WHAT THE EXERCISE ASKS: Make an exact copy, without pictures, of the lines below from the one containing "Answer yes or no. Yes. Does Tomato have the highest" to the last line, both ends included.

Source records:
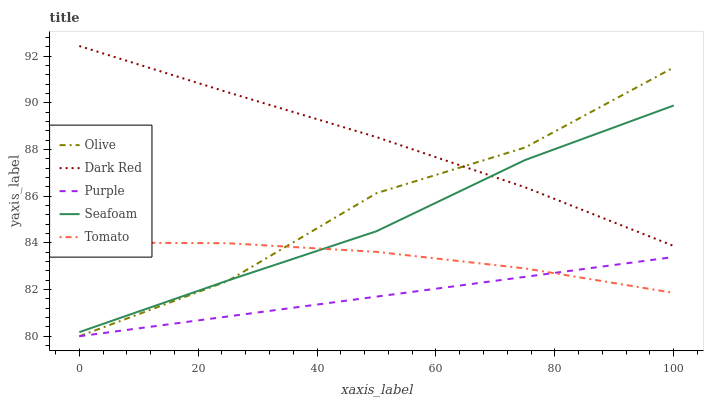Does Purple have the minimum area under the curve?
Answer yes or no. Yes. Does Dark Red have the maximum area under the curve?
Answer yes or no. Yes. Does Tomato have the minimum area under the curve?
Answer yes or no. No. Does Tomato have the maximum area under the curve?
Answer yes or no. No. Is Purple the smoothest?
Answer yes or no. Yes. Is Olive the roughest?
Answer yes or no. Yes. Is Dark Red the smoothest?
Answer yes or no. No. Is Dark Red the roughest?
Answer yes or no. No. Does Olive have the lowest value?
Answer yes or no. Yes. Does Tomato have the lowest value?
Answer yes or no. No. Does Dark Red have the highest value?
Answer yes or no. Yes. Does Tomato have the highest value?
Answer yes or no. No. Is Purple less than Seafoam?
Answer yes or no. Yes. Is Dark Red greater than Purple?
Answer yes or no. Yes. Does Dark Red intersect Olive?
Answer yes or no. Yes. Is Dark Red less than Olive?
Answer yes or no. No. Is Dark Red greater than Olive?
Answer yes or no. No. Does Purple intersect Seafoam?
Answer yes or no. No. 
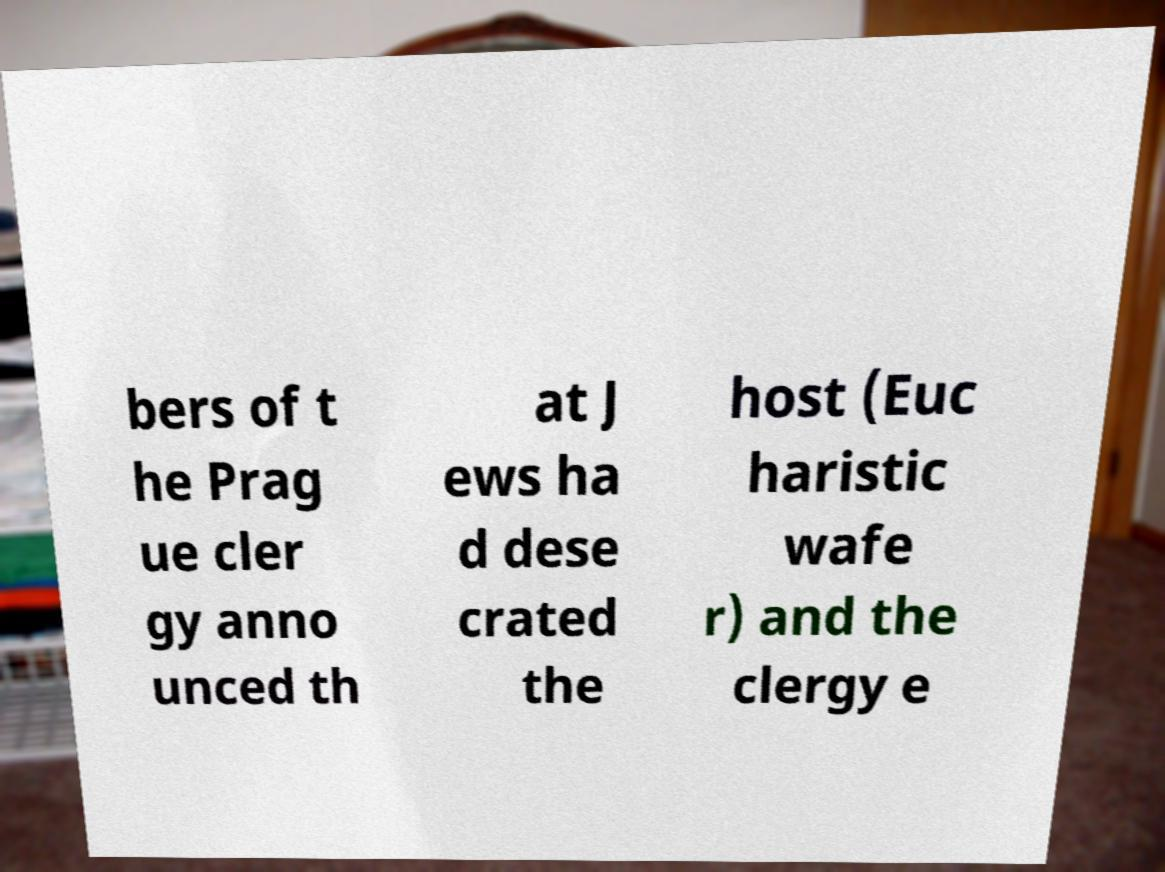I need the written content from this picture converted into text. Can you do that? bers of t he Prag ue cler gy anno unced th at J ews ha d dese crated the host (Euc haristic wafe r) and the clergy e 
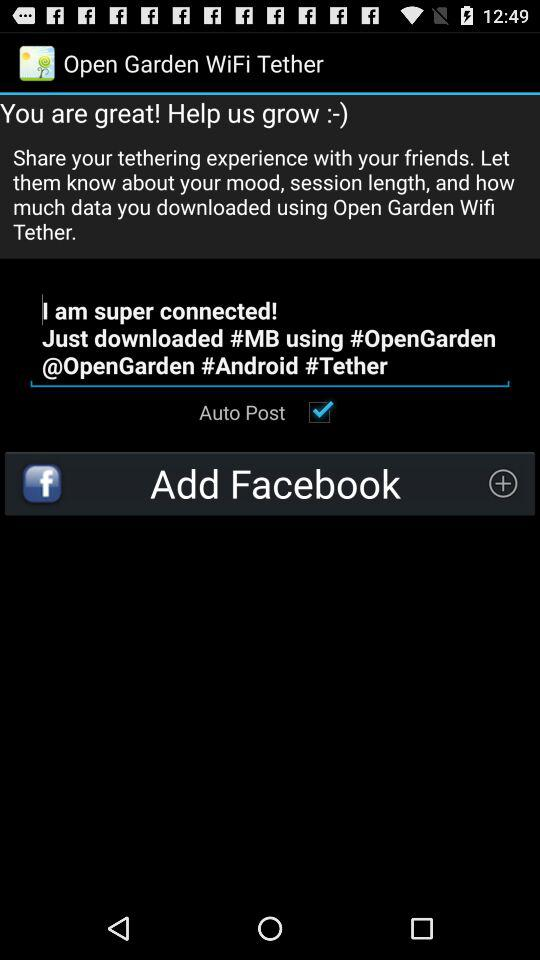What option is selected on the screen? The option selected on the screen is "Auto Post". 
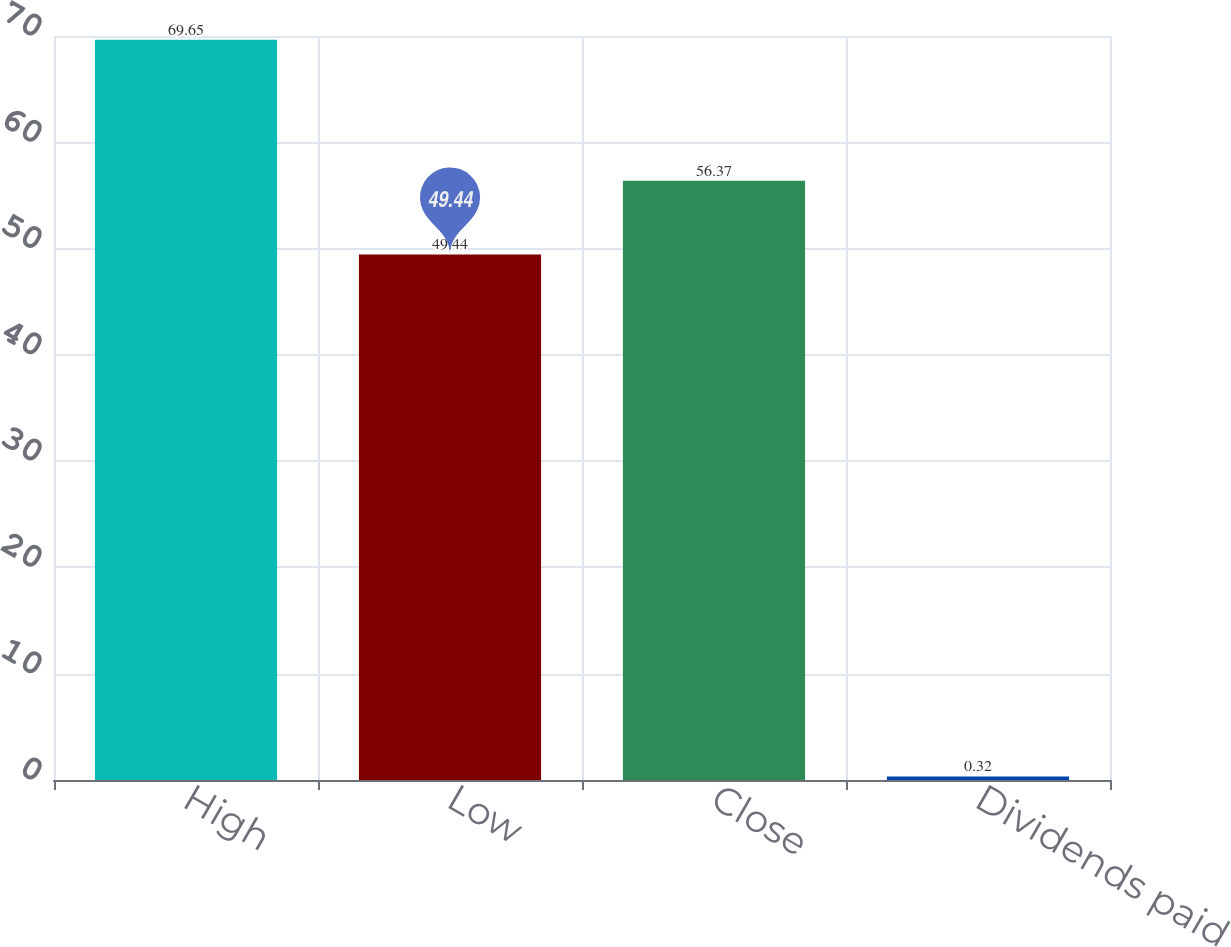Convert chart. <chart><loc_0><loc_0><loc_500><loc_500><bar_chart><fcel>High<fcel>Low<fcel>Close<fcel>Dividends paid<nl><fcel>69.65<fcel>49.44<fcel>56.37<fcel>0.32<nl></chart>

FINAL ANSWER:
Answer yes or no. Yes. Does Tomato have the highest value?
Answer yes or no. No. Is Purple less than Seafoam?
Answer yes or no. Yes. Is Dark Red greater than Purple?
Answer yes or no. Yes. Does Dark Red intersect Olive?
Answer yes or no. Yes. Is Dark Red less than Olive?
Answer yes or no. No. Is Dark Red greater than Olive?
Answer yes or no. No. Does Purple intersect Seafoam?
Answer yes or no. No. 
I need the written content from this picture converted into text. Can you do that? bers of t he Prag ue cler gy anno unced th at J ews ha d dese crated the host (Euc haristic wafe r) and the clergy e 
What option is selected on the screen? The option selected on the screen is "Auto Post". 
Convert chart. <chart><loc_0><loc_0><loc_500><loc_500><bar_chart><fcel>High<fcel>Low<fcel>Close<fcel>Dividends paid<nl><fcel>69.65<fcel>49.44<fcel>56.37<fcel>0.32<nl></chart>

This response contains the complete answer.